WORK TO BE COMPLETED: Your reply should reproduce all the data below exactly while excluding the pictures.

DATA PROVIDED:
===============
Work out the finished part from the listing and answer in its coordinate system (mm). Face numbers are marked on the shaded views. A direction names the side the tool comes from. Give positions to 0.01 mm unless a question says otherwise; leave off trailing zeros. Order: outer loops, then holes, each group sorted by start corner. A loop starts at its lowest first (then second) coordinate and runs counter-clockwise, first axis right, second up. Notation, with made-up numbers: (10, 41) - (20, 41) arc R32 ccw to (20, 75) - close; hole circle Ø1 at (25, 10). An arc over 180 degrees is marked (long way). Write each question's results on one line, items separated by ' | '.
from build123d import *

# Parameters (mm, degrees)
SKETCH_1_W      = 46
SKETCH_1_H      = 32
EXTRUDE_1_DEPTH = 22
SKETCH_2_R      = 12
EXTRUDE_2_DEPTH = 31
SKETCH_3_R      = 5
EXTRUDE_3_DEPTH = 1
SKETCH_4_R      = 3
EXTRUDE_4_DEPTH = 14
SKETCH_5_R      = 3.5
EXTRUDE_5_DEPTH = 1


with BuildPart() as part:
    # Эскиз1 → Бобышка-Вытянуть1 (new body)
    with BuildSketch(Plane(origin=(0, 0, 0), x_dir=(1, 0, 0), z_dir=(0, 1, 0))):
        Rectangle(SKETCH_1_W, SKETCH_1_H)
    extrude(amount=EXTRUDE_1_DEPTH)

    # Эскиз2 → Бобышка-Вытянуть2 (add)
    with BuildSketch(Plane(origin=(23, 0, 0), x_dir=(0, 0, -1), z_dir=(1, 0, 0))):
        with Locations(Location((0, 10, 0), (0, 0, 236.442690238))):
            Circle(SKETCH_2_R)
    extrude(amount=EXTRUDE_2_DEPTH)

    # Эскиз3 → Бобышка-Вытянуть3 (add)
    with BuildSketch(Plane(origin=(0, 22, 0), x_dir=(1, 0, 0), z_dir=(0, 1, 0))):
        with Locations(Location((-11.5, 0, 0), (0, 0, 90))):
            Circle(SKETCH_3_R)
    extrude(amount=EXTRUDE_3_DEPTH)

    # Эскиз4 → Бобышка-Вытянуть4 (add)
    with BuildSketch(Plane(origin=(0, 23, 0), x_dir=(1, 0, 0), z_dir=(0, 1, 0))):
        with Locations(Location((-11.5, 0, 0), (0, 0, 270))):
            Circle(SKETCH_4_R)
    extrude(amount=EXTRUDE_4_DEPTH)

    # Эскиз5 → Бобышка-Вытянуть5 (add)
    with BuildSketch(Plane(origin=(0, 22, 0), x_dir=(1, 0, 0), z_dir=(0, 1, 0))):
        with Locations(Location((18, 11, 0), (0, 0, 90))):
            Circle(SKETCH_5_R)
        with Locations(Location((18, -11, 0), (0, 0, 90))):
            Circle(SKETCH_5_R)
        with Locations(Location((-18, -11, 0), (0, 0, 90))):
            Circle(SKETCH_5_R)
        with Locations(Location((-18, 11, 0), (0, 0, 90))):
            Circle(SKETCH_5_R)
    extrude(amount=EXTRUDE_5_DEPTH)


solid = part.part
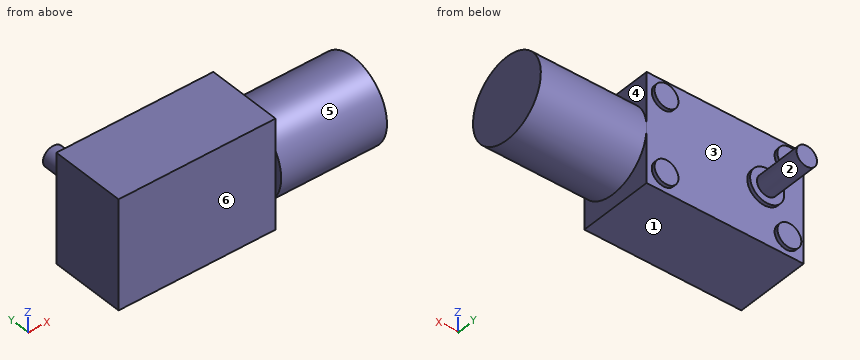
1. A cutting plane is placed at A-A, the plane x = 18. Write down the section's boundary in (y, z).
Answer list:
outline: (0, -16) - (22, -16) - (22, -14.5) - (23, -14.5) - (23, -7.5) - (22, -7.5) - (22, 7.5) - (23, 7.5) - (23, 14.5) - (22, 14.5) - (22, 16) - (0, 16) - close
2. A cutting plane is placed at C-C, the plane z = -9.5. Write down the section's boundary in (x, y), then the cut area to 3 significant figures.
Answer list:
outline: (-23, 0) - (23, 0) - (23, 2.67) - (54, 2.67) - (54, 17.33) - (23, 17.33) - (23, 22) - (21.16, 22) - (21.16, 23) - (14.84, 23) - (14.84, 22) - (-14.84, 22) - (-14.84, 23) - (-21.16, 23) - (-21.16, 22) - (-23, 22) - close | area: 1,480 mm^2
3. A cutting plane is placed at D-D, the plane x = -15.5. Write down the section's boundary in (y, z).
Answer list:
outline: (0, -16) - (22, -16) - (22, -13.45) - (23, -13.45) - (23, -8.55) - (22, -8.55) - (22, -3) - (23, -3) - (23, 3) - (22, 3) - (22, 8.55) - (23, 8.55) - (23, 13.45) - (22, 13.45) - (22, 16) - (0, 16) - close
4. Straight lines are drawn through the part: line 1 (X direction, y = 1, z = 11.5); line 2 (Y direction, x = -3.5, z = -7); line 3 (Y direction, x = -9.5, z = -2.5). For each, find the intervals that lie inside material, in ascending order. Write a range as [from, to].
Answer list:
line 1: [-23, 23] | line 2: [0, 22] | line 3: [0, 23]
5. Determine the mould class of the marked faces 1, 2 and 3 for opening direction X: +X half, -X half, draft (parallel to the pull), parting line (faces both ways), or undercut.
Answer list:
face 1: draft | face 2: parting line | face 3: undercut
6. Given P1, Ø2, axis at x = 42.5, z = 9, coming from the +Y side; P2, Ø1.6, axis at y = -1.5, z = -2.5, coming from the -X side; P3, Ø5.5, axis at x = -19.5, z = 11, coming from the +Y side; P4, Ø5, axis at y = 25.5, z = 7, coming from the -X side, each flat-ended and moving along its own axis, determine where each tip first touches the part or whether it passes through.
Answer list:
P1: y = 18.94 | P2: x = 23 | P3: y = 23 | P4: through
7. A tool of negligible diameter and unlimited length cuts with its end or side. For the marked faces 4, 5 and 6, from which of +Z, -Z, +X, -X, +Y, -Y can it reach the whole face along a straight path? Write none if from no direction.
Answer list:
face 4: +Z, +X | face 5: +X | face 6: +Z, -Z, -X, -Y
8. A cutting plane is placed at B-B, the plane y = 10. Write down the section's boundary in (x, z).
Answer list:
outline: (-23, -16) - (23, -16) - (23, -12) - (54, -12) - (54, 12) - (23, 12) - (23, 16) - (-23, 16) - close
===============
RESPONSE AREA:
Work out the finished part from the listing and answer in its coordinate system (mm). Face numbers are marked on the shaded views. A direction names the side the tool comes from. Give positions to 0.01 mm unless a question says otherwise; leave off trailing zeros. Order: outer loops, then holes, each group sorted by start corner. A loop starts at its lowest first (then second) coordinate and runs counter-clockwise, first axis right, second up. Notation, with made-up numbers: (10, 41) - (20, 41) arc R32 ccw to (20, 75) - close; hole circle Ø1 at (25, 10). An arc over 180 degrees is marked (long way). Write each question's results on one line, items separated by ' | '.
from build123d import *

# Parameters (mm, degrees)
SKETCH_1_W      = 46
SKETCH_1_H      = 32
EXTRUDE_1_DEPTH = 22
SKETCH_2_R      = 12
EXTRUDE_2_DEPTH = 31
SKETCH_3_R      = 5
EXTRUDE_3_DEPTH = 1
SKETCH_4_R      = 3
EXTRUDE_4_DEPTH = 14
SKETCH_5_R      = 3.5
EXTRUDE_5_DEPTH = 1


with BuildPart() as part:
    # Эскиз1 → Бобышка-Вытянуть1 (new body)
    with BuildSketch(Plane(origin=(0, 0, 0), x_dir=(1, 0, 0), z_dir=(0, 1, 0))):
        Rectangle(SKETCH_1_W, SKETCH_1_H)
    extrude(amount=EXTRUDE_1_DEPTH)

    # Эскиз2 → Бобышка-Вытянуть2 (add)
    with BuildSketch(Plane(origin=(23, 0, 0), x_dir=(0, 0, -1), z_dir=(1, 0, 0))):
        with Locations(Location((0, 10, 0), (0, 0, 236.442690238))):
            Circle(SKETCH_2_R)
    extrude(amount=EXTRUDE_2_DEPTH)

    # Эскиз3 → Бобышка-Вытянуть3 (add)
    with BuildSketch(Plane(origin=(0, 22, 0), x_dir=(1, 0, 0), z_dir=(0, 1, 0))):
        with Locations(Location((-11.5, 0, 0), (0, 0, 90))):
            Circle(SKETCH_3_R)
    extrude(amount=EXTRUDE_3_DEPTH)

    # Эскиз4 → Бобышка-Вытянуть4 (add)
    with BuildSketch(Plane(origin=(0, 23, 0), x_dir=(1, 0, 0), z_dir=(0, 1, 0))):
        with Locations(Location((-11.5, 0, 0), (0, 0, 270))):
            Circle(SKETCH_4_R)
    extrude(amount=EXTRUDE_4_DEPTH)

    # Эскиз5 → Бобышка-Вытянуть5 (add)
    with BuildSketch(Plane(origin=(0, 22, 0), x_dir=(1, 0, 0), z_dir=(0, 1, 0))):
        with Locations(Location((18, 11, 0), (0, 0, 90))):
            Circle(SKETCH_5_R)
        with Locations(Location((18, -11, 0), (0, 0, 90))):
            Circle(SKETCH_5_R)
        with Locations(Location((-18, -11, 0), (0, 0, 90))):
            Circle(SKETCH_5_R)
        with Locations(Location((-18, 11, 0), (0, 0, 90))):
            Circle(SKETCH_5_R)
    extrude(amount=EXTRUDE_5_DEPTH)


solid = part.part
1. A cutting plane is placed at A-A, the plane x = 18. Write down the section's boundary in (y, z).
Answer list:
outline: (0, -16) - (22, -16) - (22, -14.5) - (23, -14.5) - (23, -7.5) - (22, -7.5) - (22, 7.5) - (23, 7.5) - (23, 14.5) - (22, 14.5) - (22, 16) - (0, 16) - close
2. A cutting plane is placed at C-C, the plane z = -9.5. Write down the section's boundary in (x, y), then the cut area to 3 significant figures.
Answer list:
outline: (-23, 0) - (23, 0) - (23, 2.67) - (54, 2.67) - (54, 17.33) - (23, 17.33) - (23, 22) - (21.16, 22) - (21.16, 23) - (14.84, 23) - (14.84, 22) - (-14.84, 22) - (-14.84, 23) - (-21.16, 23) - (-21.16, 22) - (-23, 22) - close | area: 1,480 mm^2
3. A cutting plane is placed at D-D, the plane x = -15.5. Write down the section's boundary in (y, z).
Answer list:
outline: (0, -16) - (22, -16) - (22, -13.45) - (23, -13.45) - (23, -8.55) - (22, -8.55) - (22, -3) - (23, -3) - (23, 3) - (22, 3) - (22, 8.55) - (23, 8.55) - (23, 13.45) - (22, 13.45) - (22, 16) - (0, 16) - close
4. Straight lines are drawn through the part: line 1 (X direction, y = 1, z = 11.5); line 2 (Y direction, x = -3.5, z = -7); line 3 (Y direction, x = -9.5, z = -2.5). For each, find the intervals that lie inside material, in ascending order. Write a range as [from, to].
Answer list:
line 1: [-23, 23] | line 2: [0, 22] | line 3: [0, 23]
5. Determine the mould class of the marked faces 1, 2 and 3 for opening direction X: +X half, -X half, draft (parallel to the pull), parting line (faces both ways), or undercut.
Answer list:
face 1: draft | face 2: parting line | face 3: undercut
6. Given P1, Ø2, axis at x = 42.5, z = 9, coming from the +Y side; P2, Ø1.6, axis at y = -1.5, z = -2.5, coming from the -X side; P3, Ø5.5, axis at x = -19.5, z = 11, coming from the +Y side; P4, Ø5, axis at y = 25.5, z = 7, coming from the -X side, each flat-ended and moving along its own axis, determine where each tip first touches the part or whether it passes through.
Answer list:
P1: y = 18.94 | P2: x = 23 | P3: y = 23 | P4: through
7. A tool of negligible diameter and unlimited length cuts with its end or side. For the marked faces 4, 5 and 6, from which of +Z, -Z, +X, -X, +Y, -Y can it reach the whole face along a straight path? Write none if from no direction.
Answer list:
face 4: +Z, +X | face 5: +X | face 6: +Z, -Z, -X, -Y
8. A cutting plane is placed at B-B, the plane y = 10. Write down the section's boundary in (x, z).
Answer list:
outline: (-23, -16) - (23, -16) - (23, -12) - (54, -12) - (54, 12) - (23, 12) - (23, 16) - (-23, 16) - close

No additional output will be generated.